Last week’s $500 million GM Lyft news is followed this week by a huge announcement from Ford about their future plans in the realm of shared vehicles. Ford has developed a new leasing program that will allow “self-organized groups” of three to six individuals to group-lease Ford vehicles. It’s called Ford Credit Link and it will be available at three Austin, Texas Ford dealers beginning in February.
Showing further momentum of the blurring line between the old and new economy is Patagonia working with sharing economy Yerdle to find homes for used goods and GE collaborating with start up Quirky to reimagine the process of invention. Hyatt’s massive investment in Airbnb competitor onefinestay and Absolut’s local distillery program round out this trend as I have mentioned in earlier posts.
What’s most interesting perhaps is how more innovative and open minded government leaders and entities are looking to embrace the new economy instead of railing against it. We have seen positive sentiment from leaders like Republican Presidential candidate Ted Cruz who has gone as far as to say we need an Uber X type of model for our government, but what is even more interesting is today’s announcement by the Governor of Arizona to transform the state into the ultimate partner to business in the sharing economy.
In his state of the state address this morning Governor Doug Ducey had this to say: “Arizona should be to the Sharing Economy, what Texas is to Oil and what Silicon Valley used to be to the tech industry.” Ducey laid out an aggressive vision of reform sure to appeal to sharing economy entrepreneurs and consumers alike. He called for an end to the current occupational licensing regime that stifles healthy competition. Ducey also called for Sky Harbor airport to lift the current ban on Uber and Lyft at the airport and introduced a Governor’s Council on the Sharing Ecomomy. http://azgovernor.gov/governor/news/2016/01/governors-council-sharing-economy
The new group has its own executive order which cites a PwC study forecasting the sharing economy as a $335 billion entity by 2025, along with a list of goals designed to make Arizona more competitive in the realm of innovation.
All this news and its only January 16! For those who continue to say the age of collaborative consumption is just a blip or fad, think again. I can’t wait to see what exciting disruptions the 2016 will bring. Perhaps a chocolate in my peanut butter moment for innovation and regulation is on our horizon after all.

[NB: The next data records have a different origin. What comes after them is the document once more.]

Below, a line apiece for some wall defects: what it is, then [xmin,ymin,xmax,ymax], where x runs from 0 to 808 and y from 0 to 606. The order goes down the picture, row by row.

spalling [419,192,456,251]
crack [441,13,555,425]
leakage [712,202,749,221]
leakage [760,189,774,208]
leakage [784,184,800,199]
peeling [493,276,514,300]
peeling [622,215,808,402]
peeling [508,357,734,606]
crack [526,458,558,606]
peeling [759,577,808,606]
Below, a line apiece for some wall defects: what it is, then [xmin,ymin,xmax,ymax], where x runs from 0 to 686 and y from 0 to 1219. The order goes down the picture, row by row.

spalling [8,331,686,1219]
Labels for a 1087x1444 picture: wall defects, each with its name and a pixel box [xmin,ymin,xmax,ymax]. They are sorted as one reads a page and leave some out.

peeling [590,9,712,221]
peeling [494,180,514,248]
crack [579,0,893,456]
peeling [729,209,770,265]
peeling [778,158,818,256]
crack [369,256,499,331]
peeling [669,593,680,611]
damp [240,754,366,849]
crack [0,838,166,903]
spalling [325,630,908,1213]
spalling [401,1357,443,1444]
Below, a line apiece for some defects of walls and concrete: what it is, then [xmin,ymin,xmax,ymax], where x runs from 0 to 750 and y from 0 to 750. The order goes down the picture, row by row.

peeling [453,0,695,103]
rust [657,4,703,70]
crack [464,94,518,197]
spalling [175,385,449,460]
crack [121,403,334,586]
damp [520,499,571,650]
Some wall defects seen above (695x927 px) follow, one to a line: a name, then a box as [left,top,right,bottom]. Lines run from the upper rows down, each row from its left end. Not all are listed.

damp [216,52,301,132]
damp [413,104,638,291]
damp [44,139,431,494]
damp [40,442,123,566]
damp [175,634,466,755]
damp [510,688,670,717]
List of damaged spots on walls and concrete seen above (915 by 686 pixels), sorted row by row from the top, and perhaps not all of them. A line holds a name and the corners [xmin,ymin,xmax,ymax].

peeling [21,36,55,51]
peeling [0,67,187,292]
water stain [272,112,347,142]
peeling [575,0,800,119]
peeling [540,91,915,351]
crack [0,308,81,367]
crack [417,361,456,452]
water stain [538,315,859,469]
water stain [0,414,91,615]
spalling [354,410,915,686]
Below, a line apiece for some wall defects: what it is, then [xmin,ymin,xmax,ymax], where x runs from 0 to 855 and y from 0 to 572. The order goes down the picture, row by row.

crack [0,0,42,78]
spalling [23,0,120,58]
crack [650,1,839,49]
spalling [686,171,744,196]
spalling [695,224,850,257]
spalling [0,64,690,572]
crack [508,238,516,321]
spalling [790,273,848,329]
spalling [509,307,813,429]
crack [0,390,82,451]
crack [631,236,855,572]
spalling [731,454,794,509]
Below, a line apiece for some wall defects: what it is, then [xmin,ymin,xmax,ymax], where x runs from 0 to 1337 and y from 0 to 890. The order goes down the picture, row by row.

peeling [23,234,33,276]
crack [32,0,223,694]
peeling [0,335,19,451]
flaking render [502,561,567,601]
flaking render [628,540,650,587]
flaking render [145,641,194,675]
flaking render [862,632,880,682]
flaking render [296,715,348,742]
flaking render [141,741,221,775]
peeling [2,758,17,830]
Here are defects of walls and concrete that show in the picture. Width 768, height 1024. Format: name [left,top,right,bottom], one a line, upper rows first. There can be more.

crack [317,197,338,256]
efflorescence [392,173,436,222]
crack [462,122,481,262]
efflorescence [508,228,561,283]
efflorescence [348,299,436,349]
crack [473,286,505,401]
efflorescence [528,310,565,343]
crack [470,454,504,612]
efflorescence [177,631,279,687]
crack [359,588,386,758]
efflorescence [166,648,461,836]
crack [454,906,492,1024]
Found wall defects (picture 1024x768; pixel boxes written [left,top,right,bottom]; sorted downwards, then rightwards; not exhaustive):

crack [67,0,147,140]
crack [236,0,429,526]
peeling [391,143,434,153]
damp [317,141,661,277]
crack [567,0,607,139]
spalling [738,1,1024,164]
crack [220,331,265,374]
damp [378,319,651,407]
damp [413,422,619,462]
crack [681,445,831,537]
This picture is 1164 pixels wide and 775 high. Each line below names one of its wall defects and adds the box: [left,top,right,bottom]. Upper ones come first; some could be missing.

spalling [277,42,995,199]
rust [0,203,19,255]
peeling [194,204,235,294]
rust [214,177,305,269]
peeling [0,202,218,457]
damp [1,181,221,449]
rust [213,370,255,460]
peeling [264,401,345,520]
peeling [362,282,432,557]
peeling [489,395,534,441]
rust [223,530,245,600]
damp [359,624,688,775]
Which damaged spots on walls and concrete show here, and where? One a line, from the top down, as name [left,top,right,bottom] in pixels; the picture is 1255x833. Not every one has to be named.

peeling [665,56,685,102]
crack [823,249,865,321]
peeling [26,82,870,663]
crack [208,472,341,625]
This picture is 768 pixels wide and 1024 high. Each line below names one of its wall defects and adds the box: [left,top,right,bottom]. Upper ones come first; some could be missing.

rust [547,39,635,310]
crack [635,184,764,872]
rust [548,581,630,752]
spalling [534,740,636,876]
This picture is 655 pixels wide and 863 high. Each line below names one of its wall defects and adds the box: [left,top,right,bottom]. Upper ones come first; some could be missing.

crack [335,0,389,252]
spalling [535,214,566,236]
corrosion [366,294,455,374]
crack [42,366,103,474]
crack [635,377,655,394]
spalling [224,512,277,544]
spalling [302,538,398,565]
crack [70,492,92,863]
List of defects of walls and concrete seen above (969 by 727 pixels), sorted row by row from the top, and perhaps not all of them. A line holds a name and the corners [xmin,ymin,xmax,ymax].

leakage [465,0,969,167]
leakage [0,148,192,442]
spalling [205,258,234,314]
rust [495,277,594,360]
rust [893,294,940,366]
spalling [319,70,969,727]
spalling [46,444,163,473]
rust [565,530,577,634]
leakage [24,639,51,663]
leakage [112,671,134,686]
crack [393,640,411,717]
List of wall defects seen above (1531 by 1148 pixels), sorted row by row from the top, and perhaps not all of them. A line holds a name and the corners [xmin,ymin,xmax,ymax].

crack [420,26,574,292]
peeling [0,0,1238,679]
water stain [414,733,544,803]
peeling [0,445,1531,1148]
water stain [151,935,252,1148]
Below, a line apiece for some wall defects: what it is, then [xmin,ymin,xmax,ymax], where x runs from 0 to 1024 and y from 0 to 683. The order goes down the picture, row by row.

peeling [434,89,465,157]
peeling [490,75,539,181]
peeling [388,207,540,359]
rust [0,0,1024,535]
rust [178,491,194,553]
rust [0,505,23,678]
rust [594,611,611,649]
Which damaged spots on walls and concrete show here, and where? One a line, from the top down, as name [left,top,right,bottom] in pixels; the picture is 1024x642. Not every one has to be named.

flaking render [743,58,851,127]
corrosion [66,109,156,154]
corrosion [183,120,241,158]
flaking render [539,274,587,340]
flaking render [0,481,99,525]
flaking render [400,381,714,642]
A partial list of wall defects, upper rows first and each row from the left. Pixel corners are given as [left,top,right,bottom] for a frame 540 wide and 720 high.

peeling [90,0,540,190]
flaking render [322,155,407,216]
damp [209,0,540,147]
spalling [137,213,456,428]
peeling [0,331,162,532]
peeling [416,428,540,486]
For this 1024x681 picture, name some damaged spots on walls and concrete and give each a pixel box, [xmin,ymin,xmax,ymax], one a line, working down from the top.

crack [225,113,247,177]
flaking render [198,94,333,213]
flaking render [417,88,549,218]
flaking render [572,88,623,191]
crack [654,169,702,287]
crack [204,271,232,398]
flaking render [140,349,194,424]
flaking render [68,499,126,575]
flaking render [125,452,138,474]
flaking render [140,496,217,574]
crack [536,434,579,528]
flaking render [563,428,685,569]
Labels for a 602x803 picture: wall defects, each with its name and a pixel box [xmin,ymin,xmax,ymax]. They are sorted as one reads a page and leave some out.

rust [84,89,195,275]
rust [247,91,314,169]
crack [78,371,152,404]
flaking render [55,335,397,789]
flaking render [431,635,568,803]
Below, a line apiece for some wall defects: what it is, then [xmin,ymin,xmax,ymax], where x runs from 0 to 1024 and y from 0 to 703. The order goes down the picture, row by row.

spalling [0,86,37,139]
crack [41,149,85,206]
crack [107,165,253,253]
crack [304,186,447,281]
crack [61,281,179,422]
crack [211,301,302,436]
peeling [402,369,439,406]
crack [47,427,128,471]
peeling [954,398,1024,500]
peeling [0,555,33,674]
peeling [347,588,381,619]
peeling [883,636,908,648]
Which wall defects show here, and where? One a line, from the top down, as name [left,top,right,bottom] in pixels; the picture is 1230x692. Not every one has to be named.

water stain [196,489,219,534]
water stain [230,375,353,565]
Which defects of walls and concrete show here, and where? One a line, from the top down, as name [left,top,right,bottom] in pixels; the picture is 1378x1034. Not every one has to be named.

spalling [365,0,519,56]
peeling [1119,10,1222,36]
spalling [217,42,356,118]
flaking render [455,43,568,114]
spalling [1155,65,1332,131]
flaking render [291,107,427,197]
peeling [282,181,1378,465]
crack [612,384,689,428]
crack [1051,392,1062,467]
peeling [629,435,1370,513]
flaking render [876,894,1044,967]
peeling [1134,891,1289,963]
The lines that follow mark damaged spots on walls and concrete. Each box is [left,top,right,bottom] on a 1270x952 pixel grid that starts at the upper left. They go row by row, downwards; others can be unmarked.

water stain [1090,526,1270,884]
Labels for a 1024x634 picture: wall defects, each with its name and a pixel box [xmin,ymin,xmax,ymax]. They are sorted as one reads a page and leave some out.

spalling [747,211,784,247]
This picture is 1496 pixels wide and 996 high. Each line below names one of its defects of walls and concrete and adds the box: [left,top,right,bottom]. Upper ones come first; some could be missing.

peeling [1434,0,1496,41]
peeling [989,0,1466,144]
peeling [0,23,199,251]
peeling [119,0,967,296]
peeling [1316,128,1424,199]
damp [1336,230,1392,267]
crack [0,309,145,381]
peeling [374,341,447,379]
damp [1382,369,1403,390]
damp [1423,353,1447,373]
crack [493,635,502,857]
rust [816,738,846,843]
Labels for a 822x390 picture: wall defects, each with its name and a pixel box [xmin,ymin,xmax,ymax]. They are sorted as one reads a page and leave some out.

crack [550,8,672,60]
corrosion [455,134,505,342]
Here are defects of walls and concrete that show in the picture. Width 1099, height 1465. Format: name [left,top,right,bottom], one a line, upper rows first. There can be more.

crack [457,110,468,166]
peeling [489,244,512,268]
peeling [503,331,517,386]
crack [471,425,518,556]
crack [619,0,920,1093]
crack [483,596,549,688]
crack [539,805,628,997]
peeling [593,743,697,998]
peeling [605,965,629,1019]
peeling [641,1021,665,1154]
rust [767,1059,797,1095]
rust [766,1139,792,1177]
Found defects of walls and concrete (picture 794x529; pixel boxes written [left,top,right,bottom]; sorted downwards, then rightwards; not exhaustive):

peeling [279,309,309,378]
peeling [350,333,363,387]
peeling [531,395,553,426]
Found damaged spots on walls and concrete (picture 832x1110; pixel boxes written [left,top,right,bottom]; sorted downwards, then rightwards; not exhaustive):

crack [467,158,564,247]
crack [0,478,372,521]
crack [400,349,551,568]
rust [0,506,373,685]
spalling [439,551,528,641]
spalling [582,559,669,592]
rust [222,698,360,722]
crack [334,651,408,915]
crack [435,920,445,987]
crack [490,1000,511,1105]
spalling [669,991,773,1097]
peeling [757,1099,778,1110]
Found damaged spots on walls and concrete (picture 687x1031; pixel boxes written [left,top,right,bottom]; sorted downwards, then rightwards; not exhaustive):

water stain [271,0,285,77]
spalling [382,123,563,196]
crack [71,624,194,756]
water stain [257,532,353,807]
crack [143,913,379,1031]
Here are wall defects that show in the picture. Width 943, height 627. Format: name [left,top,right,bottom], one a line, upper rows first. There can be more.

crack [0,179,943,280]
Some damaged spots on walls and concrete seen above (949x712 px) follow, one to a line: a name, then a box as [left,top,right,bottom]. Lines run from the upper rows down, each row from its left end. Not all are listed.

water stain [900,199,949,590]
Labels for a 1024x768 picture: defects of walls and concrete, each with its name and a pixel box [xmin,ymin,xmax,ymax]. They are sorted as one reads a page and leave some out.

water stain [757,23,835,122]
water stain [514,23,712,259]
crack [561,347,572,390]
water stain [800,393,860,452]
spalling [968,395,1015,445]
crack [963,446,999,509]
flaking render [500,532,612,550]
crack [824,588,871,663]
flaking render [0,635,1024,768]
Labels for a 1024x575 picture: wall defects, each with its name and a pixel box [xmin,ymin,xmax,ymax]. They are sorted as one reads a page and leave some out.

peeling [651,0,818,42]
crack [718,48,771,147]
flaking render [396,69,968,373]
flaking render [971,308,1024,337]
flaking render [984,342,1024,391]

Billee Howard is Founder + Chief Engagement Officer of Brandthropologie, a cutting edge communications consulting firm specializing in helping organizations and individuals to produce innovative, creative and passionate dialogues with target communities, consumers and employees, while blazing a trail toward new models of artful, responsible, and sustainable business success. Billee is a veteran communications executive in brand development, trend forecasting, strategic media relations, and C-suite executive positioning. She has a book dedicated to the study of the sharing economy called WeCommerce due out in Fall 2015 as well as a blog entitled the #HouseofWe dedicated to curating the trends driving our economy forward. You can read more about “WE-Commerce: How to Create, Collaborate, and Succeed in the Sharing Economy” right here!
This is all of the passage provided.